Thank you for letting me speak today.  I hope my testimony helps you understand the situation of many students like me. 

My name is Andres.  I am 18 years old and a senior at East Boston High School.  I am a member of East Boston Ecumenical Community Council’s youth group GOALS. 

I was born in Colombia.  My mother brought me here when I was 14 years old.  We had to flee from Colombia because of the dangerous political conditions.  Although I am not a U.S. citizen, I have grown to love and respect this country, and I would become a citizen as soon as I have the opportunity.  I am not the only one in this situation.  Many of my friends have Temporary Protected Status. Some don’t have any way to change their status. And, yet others have applied, but will have to wait 5-10 years due to the backlog at INS.  We cannot afford to go to college because we are required to pay non-resident tuition - even if we have lived in Massachusetts for most of our lives and our parents pay taxes. 

During my years at East Boston High School, I have earned a GPA of 3.5 and I have studied hard so that I could take advanced level courses such as AP Calculus and AP History.  When I took Honors Chemistry, I discovered my interest in this subject.  Last year, I was able to attend a summer program where I did a research project on extracting energy from organic waste. 

When I graduate in two months, I would like to continue my studies and pursue my dream of becoming a chemical engineer. One day my history teacher asked me why I wanted to pursue such a difficult major.  I answered him that we don’t recycle at our high school.   I told him that I care about the environment and I want to help develop a new and more efficient way to deal with the tons of waste that is created every year. 

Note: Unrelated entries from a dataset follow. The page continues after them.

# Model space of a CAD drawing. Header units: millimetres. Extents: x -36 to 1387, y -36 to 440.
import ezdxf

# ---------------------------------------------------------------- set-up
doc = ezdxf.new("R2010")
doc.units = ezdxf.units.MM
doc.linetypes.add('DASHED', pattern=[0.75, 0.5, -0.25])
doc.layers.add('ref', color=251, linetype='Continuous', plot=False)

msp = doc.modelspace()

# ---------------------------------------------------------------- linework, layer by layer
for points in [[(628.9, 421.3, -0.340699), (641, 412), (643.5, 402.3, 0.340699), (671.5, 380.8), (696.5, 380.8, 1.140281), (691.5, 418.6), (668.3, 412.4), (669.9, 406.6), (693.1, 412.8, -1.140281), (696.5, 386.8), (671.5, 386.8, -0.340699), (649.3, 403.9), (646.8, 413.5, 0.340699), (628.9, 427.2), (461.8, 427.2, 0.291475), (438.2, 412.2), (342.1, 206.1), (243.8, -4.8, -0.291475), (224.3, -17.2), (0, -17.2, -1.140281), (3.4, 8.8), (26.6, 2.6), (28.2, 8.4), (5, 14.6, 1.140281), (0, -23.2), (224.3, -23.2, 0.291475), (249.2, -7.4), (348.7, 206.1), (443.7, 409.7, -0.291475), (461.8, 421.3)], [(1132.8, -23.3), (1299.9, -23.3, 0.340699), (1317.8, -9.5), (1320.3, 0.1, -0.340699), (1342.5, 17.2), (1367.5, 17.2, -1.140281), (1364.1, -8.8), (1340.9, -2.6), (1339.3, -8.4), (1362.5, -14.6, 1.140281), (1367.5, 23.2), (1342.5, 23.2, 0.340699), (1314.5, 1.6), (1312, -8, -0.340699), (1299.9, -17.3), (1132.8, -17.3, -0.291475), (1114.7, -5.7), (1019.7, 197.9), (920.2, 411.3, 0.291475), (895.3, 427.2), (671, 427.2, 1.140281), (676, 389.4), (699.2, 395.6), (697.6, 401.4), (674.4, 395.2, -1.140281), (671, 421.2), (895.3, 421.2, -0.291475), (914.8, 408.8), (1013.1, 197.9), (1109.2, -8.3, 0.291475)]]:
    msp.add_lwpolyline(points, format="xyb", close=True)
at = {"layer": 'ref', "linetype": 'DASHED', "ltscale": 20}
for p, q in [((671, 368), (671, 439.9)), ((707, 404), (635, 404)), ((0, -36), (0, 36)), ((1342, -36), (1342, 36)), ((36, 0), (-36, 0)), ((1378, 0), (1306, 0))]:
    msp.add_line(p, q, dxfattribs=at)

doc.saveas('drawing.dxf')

Besides my schoolwork, I am very curious about my surroundings.  I like to read about psychology, I like to watch educational programs such as NOVA, and I enjoy developing strategies for playing chess.  As a sophomore, I won second place in my high school chess tournament.

Unfortunately, my dreams of going to college and becoming a chemical engineer are being blocked by a financial barrier.  Realistically, my mother and I cannot afford to pay the $18,000 a year for out-of-state tuition at U.Mass./Boston.  If the Massachusetts legislature were to pass the In-State Tuition Bill, my dreams of helping the environment and working to reduce pollution in Massachusetts will become a reality.  There are many students in this situation, who work hard in school and want to become professionals so that they can contribute to this country. 

 I am graduating in two months. My future lies ahead of me.  Each one of you has all of my hard work for the last four years in your hands.  If you choose to pass this bill, I will go to college in September.  Please confirm that I was right to not drop out of school because of a decision that I had no control of - my immigration status.  Please confirm that I was right to not give up the hope of going to college.  Please confirm that education is a priority in the state of Massachusetts.  The decision is your hands.  Thank you.

This testimony was given by Andres, a member of GOALS, to
 the House Ways and Means Committee at the State House on May 5, 2005.